わが国の士族以上の人は、数千百年の古い習慣に慣れて、衣食が何であるかを知らず、富がどこから来るかもわきまえず、傲然と何もせずに食べて、これを自然の権利だと思い、そのさまはまるで酒色に溺れて前後を忘れた者のようです。このときに当たり、この輩の人に何を告げるべきでしょうか。ただ自分で食べよという説を唱えて、その酔いの夢を驚かすほか手段はないでしょう。この種の人に向かってどうして高尚な学を勧められましょうか。世を益する大義を説けましょうか。たとえ説き勧めても、夢の中で学問に入れば、その学問もまた夢の中の夢にすぎません。
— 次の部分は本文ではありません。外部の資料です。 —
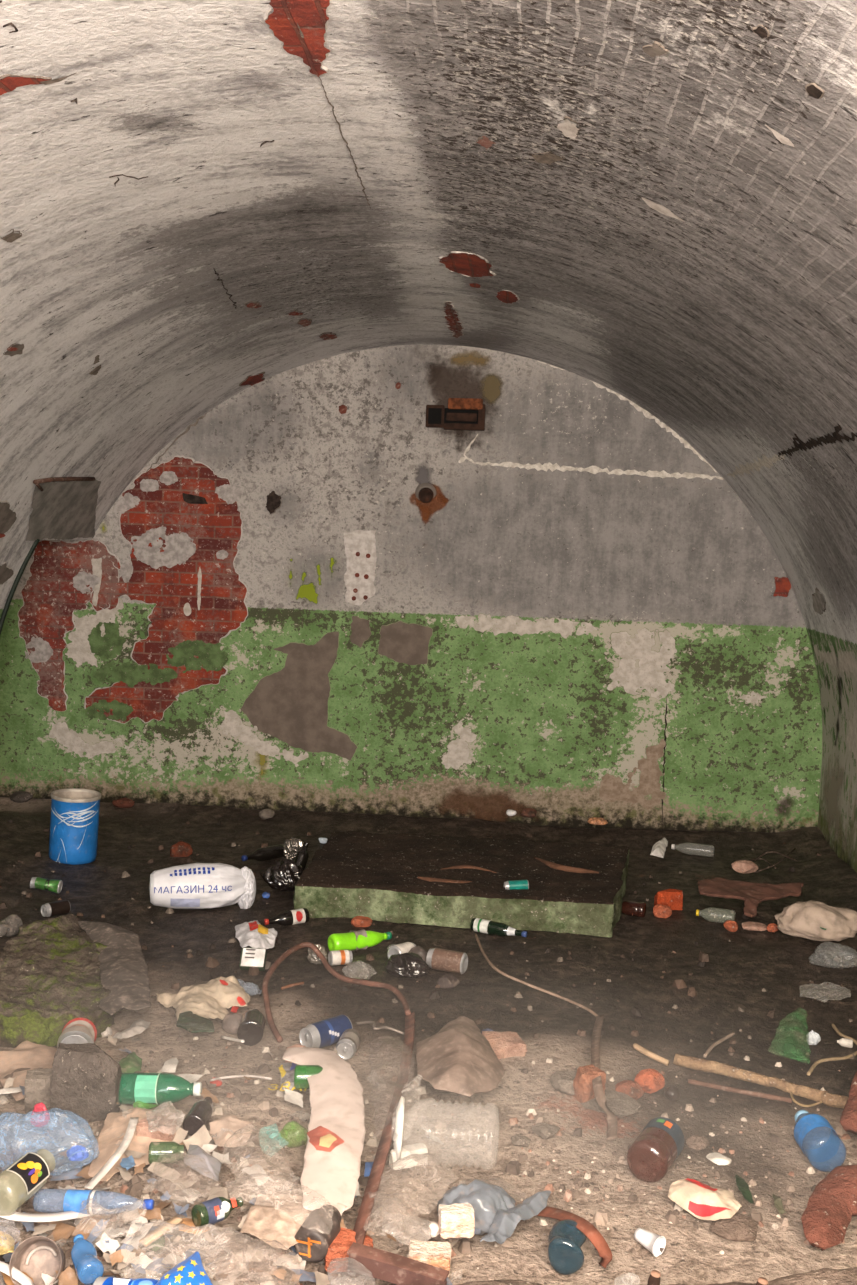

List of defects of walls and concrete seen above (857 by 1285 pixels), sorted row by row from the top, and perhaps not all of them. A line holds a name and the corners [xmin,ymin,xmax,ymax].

これが私がもっぱら自分で食べよという説を主張して、まだ真の学問を勧めなかった理由です。ですからこの説は広く徒食の輩に告げるもので、学者に諭すべき言葉ではありません。

解説

なぜ自立の説を繰り返してきたのかが明かされます。相手が違ったのだ、と。働かずに食べることを当然の権利と思っている層には、まず目を覚まさせるしかなかった。夢の中で学べば夢の中の夢だ、という表現が鮮やかです。そして読者が選り分けられます。この説は徒食の輩への言葉であって学者への言葉ではない、と。ここから先は別の話だという宣言で、十編の後半に入ります。